2 of 56 steps (4%) done
/bin/bash: line 1: 98709 Killed: 9 python3 scripts/sanitize_sequences.py --sequences data/sequences.fasta --strip-prefixes hCoV-19/ SARS-CoV-2/ --output /dev/stdout 2> logs/sanitize_sequences_data.txt
98711 Done | nextalign --jobs=8 --reference defaults/reference_seq.fasta --genemap defaults/annotation.gff --genes ORF1a,ORF1b,S,ORF3a,M,N --sequences /dev/stdin --output-dir results/translations --output-basename seqs_data --output-fasta results/aligned_data.fasta --output-insertions results/insertions_data.tsv > logs/align_data.txt 2>&1
[Sat Jul 3 00:51:43 2021]
Error in rule align:
jobid: 11
output: results/aligned_data.fasta.xz, results/insertions_data.tsv, results/translations/seqs_data.gene.ORF1a.fasta.xz, results/translations/seqs_data.gene.ORF1b.fasta.xz, results/translations/seqs_data.gene.S.fasta.xz, results/translations/seqs_data.gene.ORF3a.fasta.xz, results/translations/seqs_data.gene.M.fasta.xz, results/translations/seqs_data.gene.N.fasta.xz
log: logs/align_data.txt (check log file(s) for error message)
shell:

    python3 scripts/sanitize_sequences.py             --sequences data/sequences.fasta             --strip-prefixes hCoV-19/ SARS-CoV-2/             --output /dev/stdout 2> logs/sanitize_sequences_data.txt             | nextalign             --jobs=8             --reference defaults/reference_seq.fasta             --genemap defaults/annotation.gff             --genes ORF1a,ORF1b,S,ORF3a,M,N             --sequences /dev/stdin             --output-dir results/translations             --output-basename seqs_data             --output-fasta results/aligned_data.fasta             --output-insertions results/insertions_data.tsv > logs/align_data.txt 2>&1;
    xz -2 results/aligned_data.fasta;
    xz -2 results/translations/seqs_data*.fasta
    
    (one of the commands exited with non-zero exit code; note that snakemake uses bash strict mode!)

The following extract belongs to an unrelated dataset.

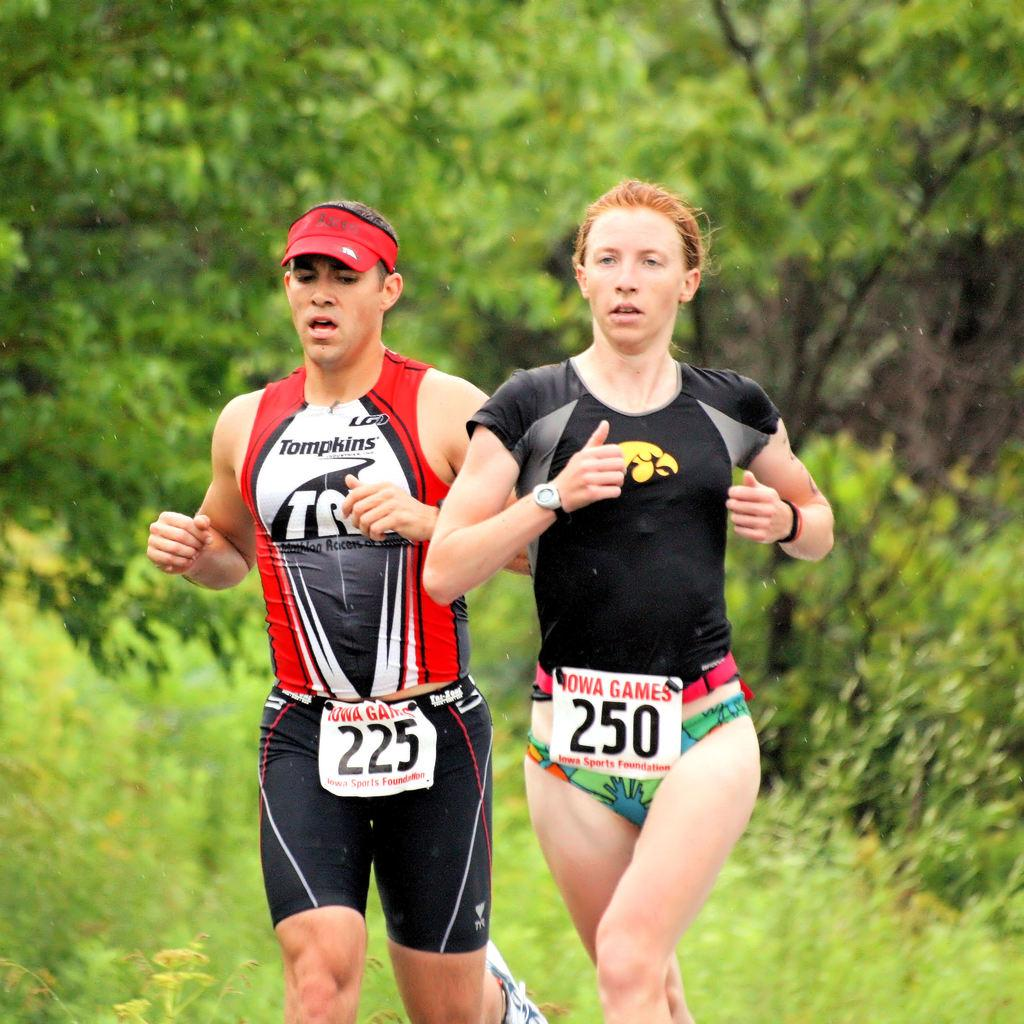<image>
Give a short and clear explanation of the subsequent image. Two people running in the Iowa Games are wearing the numbers 225 and 250.

/bin/bash: line 1: 98709 Killed:

your process was killed. possibly because it was using too much memory. This step actually runs three commands (sanitize, nextalign, and then xz to compress). Do you have a way of checking which one gets killed? What hardware are you running this on?

I am running it on Macbook pro with M1, 8GB RAM and 512 GB SSD. I can try to see which process gets killed and also look into the memory.

I do not think memory should be an issue. It seems like the sanitize metadata is the step where the process gets killed.

could you then try to only run the sanitize step (writing data to file instead of stdout or piping straight into xz or gzip)? Just to narrow down what is failing?